### Task
Up to and including the line that contains "teethcuts_axis = Axis((-10, 0, 0), (1, 0, 0))", repeat each line of the data exactly, starting from the first.

### Data shown
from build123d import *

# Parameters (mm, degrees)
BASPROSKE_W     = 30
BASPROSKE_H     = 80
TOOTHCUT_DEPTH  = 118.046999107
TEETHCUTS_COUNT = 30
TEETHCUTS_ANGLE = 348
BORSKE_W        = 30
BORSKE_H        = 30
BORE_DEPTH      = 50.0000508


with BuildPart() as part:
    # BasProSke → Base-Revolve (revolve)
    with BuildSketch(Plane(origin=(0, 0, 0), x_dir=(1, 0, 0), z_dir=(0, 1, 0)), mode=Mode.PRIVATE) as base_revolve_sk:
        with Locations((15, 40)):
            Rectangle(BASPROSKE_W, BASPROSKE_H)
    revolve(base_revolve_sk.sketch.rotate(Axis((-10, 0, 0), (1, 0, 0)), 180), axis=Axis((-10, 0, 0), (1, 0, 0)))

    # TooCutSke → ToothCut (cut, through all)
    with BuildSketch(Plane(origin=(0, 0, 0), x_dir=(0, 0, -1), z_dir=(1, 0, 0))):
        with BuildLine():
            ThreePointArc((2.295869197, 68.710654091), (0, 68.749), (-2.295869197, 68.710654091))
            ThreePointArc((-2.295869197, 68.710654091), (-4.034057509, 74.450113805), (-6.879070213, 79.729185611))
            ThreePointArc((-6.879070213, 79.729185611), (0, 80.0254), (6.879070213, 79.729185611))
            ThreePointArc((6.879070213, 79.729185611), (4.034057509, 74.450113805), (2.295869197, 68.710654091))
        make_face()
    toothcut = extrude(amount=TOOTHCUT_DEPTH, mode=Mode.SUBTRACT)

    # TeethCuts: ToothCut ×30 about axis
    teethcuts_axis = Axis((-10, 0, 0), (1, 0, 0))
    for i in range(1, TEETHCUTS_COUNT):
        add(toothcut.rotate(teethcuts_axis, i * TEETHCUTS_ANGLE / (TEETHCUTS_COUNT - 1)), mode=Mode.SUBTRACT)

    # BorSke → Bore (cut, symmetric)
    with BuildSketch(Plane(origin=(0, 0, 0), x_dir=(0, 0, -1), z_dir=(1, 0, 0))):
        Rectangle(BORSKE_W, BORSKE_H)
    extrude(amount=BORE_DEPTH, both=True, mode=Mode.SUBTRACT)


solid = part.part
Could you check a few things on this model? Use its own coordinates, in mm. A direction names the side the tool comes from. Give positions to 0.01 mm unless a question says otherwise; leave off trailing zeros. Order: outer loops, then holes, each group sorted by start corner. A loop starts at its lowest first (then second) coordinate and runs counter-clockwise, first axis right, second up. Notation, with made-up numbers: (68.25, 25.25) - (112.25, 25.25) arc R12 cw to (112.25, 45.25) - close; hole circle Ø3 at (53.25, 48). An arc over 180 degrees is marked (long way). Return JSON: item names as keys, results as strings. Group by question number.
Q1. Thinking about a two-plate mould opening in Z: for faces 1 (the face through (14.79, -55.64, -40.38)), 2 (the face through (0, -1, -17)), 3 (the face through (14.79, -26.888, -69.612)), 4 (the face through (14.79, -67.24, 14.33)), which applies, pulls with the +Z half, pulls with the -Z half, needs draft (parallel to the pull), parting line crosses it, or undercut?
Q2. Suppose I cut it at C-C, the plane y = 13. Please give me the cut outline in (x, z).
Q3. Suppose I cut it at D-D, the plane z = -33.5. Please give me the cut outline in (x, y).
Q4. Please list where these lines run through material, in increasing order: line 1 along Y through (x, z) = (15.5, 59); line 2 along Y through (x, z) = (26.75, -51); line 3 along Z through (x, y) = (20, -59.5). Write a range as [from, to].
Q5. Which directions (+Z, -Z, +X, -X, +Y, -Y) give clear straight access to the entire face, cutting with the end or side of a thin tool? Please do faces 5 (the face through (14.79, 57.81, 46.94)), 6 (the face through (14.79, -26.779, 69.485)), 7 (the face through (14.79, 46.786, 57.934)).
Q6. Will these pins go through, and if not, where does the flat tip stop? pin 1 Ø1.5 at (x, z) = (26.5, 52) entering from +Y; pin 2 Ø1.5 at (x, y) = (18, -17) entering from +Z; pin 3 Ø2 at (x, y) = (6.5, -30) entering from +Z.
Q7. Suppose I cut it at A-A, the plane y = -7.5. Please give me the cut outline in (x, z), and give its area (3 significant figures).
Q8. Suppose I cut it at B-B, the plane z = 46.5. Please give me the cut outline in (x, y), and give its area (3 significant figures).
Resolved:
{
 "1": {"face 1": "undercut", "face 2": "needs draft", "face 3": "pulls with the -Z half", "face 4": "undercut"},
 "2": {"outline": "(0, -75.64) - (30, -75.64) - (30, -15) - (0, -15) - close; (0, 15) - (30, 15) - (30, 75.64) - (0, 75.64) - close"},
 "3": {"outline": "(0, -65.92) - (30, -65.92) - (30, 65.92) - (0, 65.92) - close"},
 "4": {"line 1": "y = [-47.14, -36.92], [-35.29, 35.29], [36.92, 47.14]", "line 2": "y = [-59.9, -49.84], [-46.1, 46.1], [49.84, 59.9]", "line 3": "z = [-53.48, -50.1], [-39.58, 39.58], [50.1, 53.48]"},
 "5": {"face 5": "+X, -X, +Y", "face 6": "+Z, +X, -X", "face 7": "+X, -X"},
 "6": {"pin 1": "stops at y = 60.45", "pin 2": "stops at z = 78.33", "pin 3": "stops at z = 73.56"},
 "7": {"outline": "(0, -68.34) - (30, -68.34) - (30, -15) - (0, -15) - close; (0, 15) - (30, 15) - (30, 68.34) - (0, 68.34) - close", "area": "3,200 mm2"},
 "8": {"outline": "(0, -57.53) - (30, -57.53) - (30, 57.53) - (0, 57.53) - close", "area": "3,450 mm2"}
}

### Answer to this problem
from build123d import *

# Parameters (mm, degrees)
BASPROSKE_W     = 30
BASPROSKE_H     = 80
TOOTHCUT_DEPTH  = 118.046999107
TEETHCUTS_COUNT = 30
TEETHCUTS_ANGLE = 348
BORSKE_W        = 30
BORSKE_H        = 30
BORE_DEPTH      = 50.0000508


with BuildPart() as part:
    # BasProSke → Base-Revolve (revolve)
    with BuildSketch(Plane(origin=(0, 0, 0), x_dir=(1, 0, 0), z_dir=(0, 1, 0)), mode=Mode.PRIVATE) as base_revolve_sk:
        with Locations((15, 40)):
            Rectangle(BASPROSKE_W, BASPROSKE_H)
    revolve(base_revolve_sk.sketch.rotate(Axis((-10, 0, 0), (1, 0, 0)), 180), axis=Axis((-10, 0, 0), (1, 0, 0)))

    # TooCutSke → ToothCut (cut, through all)
    with BuildSketch(Plane(origin=(0, 0, 0), x_dir=(0, 0, -1), z_dir=(1, 0, 0))):
        with BuildLine():
            ThreePointArc((2.295869197, 68.710654091), (0, 68.749), (-2.295869197, 68.710654091))
            ThreePointArc((-2.295869197, 68.710654091), (-4.034057509, 74.450113805), (-6.879070213, 79.729185611))
            ThreePointArc((-6.879070213, 79.729185611), (0, 80.0254), (6.879070213, 79.729185611))
            ThreePointArc((6.879070213, 79.729185611), (4.034057509, 74.450113805), (2.295869197, 68.710654091))
        make_face()
    toothcut = extrude(amount=TOOTHCUT_DEPTH, mode=Mode.SUBTRACT)

    # TeethCuts: ToothCut ×30 about axis
    teethcuts_axis = Axis((-10, 0, 0), (1, 0, 0))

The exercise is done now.